# Grease Gun Storage



## driver_7 (Jun 28, 2018)

We like to do things a little bit different around here (cool-season guys going Reel Low, etc). I've found other forums discussing grease gun storage from a few years ago, but how do we store our grease guns at TLF?

I'm new to greens mowers, using grease guns and any maintenance beyond changing the blade on a rotary, so any ideas to store these things to minimize leakage all over the garage would be awesome.


----------



## Mightyquinn (Jan 31, 2017)

I just hang mine on wall by the mower. It doesn't leak that much but if it did, I I would wrap a rag around the bottom to catch the drippings.


----------



## thesouthernreelmower (Aug 28, 2018)

Some greases leak more than others. But it's actually separating the oil and soap in the grease because the plunger is applying pressure on the grease. If you pull the plunger back and take the pressure off, the gun won't leak much if any.


----------



## Mightyquinn (Jan 31, 2017)

thesouthernreelmower said:


> Some greases leak more than others. But it's actually separating the oil and soap in the grease because the plunger is applying pressure on the grease.
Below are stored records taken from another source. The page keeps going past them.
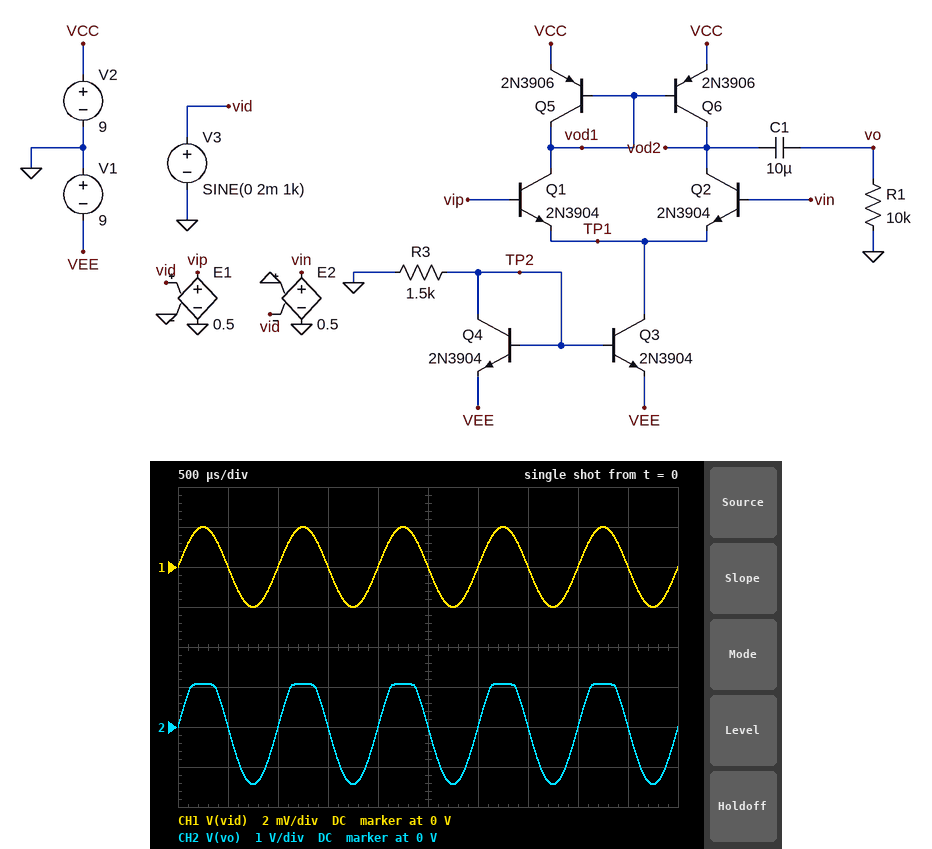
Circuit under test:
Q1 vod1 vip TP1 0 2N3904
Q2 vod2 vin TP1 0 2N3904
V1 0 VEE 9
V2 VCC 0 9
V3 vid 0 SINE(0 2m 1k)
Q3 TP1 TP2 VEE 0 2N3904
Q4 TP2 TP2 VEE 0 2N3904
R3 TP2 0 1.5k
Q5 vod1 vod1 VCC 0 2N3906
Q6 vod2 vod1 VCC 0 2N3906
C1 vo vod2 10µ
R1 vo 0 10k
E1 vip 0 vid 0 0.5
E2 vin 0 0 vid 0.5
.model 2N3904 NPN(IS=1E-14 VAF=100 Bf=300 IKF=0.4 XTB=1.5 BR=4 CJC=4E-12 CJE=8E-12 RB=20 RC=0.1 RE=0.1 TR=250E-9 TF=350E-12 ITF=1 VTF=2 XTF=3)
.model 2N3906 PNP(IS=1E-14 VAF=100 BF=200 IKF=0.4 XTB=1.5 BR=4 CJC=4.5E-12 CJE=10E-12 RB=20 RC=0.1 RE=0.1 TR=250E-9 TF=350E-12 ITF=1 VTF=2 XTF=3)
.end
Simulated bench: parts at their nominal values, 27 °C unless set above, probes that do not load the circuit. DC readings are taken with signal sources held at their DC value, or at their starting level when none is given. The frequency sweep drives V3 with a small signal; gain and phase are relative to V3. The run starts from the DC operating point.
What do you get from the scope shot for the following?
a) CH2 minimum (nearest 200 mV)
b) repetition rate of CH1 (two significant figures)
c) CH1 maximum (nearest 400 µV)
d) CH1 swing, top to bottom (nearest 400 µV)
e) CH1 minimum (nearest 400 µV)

-1.4 V
1.0 kHz
2.0 mV
4.0 mV
-2.0 mV
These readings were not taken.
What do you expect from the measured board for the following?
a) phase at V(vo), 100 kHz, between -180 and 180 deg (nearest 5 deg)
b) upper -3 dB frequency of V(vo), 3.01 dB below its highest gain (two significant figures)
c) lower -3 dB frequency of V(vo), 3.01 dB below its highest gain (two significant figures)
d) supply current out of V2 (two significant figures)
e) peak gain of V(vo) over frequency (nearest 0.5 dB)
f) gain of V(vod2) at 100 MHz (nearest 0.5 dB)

-5 deg
1.1 MHz
570 mHz
5.9 mA
57.0 dB
18.0 dB
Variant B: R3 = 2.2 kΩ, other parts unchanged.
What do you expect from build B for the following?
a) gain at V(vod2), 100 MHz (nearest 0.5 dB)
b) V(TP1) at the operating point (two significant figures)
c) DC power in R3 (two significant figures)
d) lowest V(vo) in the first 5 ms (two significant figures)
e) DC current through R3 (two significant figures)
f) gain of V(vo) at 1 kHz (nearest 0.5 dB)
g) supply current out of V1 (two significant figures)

16.5 dB
-670 mV
31 mW
-1.1 V
3.8 mA
55.0 dB
7.8 mA
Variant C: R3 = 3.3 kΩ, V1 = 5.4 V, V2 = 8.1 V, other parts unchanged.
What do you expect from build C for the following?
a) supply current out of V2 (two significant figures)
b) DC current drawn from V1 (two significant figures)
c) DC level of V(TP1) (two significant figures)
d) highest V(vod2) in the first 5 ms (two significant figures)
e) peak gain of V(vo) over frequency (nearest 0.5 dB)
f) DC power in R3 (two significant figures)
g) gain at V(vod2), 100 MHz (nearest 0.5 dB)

1.5 mA
2.9 mA
-650 mV
7.4 V
48.0 dB
6.8 mW
10.5 dB
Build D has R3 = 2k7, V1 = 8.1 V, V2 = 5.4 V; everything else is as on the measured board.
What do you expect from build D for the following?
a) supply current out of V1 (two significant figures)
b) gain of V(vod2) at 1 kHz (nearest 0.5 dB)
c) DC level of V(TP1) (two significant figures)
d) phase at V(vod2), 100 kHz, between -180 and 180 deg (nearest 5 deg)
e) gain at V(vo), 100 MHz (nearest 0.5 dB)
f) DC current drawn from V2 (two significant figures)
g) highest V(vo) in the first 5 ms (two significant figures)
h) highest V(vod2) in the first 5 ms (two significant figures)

5.7 mA
52.5 dB
-660 mV
-5 deg
14.5 dB
2.9 mA
860 mV
5.1 V

If you pull the plunger back and take the pressure off, the gun won't leak much if any.


That's a good tip and I too have noticed some greases are "wetter" than others


----------



## HoosierLawnGnome (Sep 28, 2017)

Peg board on the wall. Extra tubes of grease with my tubes of stuff.


----------



## HortGuy (Aug 3, 2018)

https://www.amleo.com/magnetic-grease-gun-clips-one-pair/p/GREASECLIP/


----------



## jayhawk (Apr 18, 2017)

Came apart but u get the idea


----------



## Fishnugget (Sep 29, 2017)

I thought I was the only one with this problem. I will follow the advice of others to fix the leak, good to know.


----------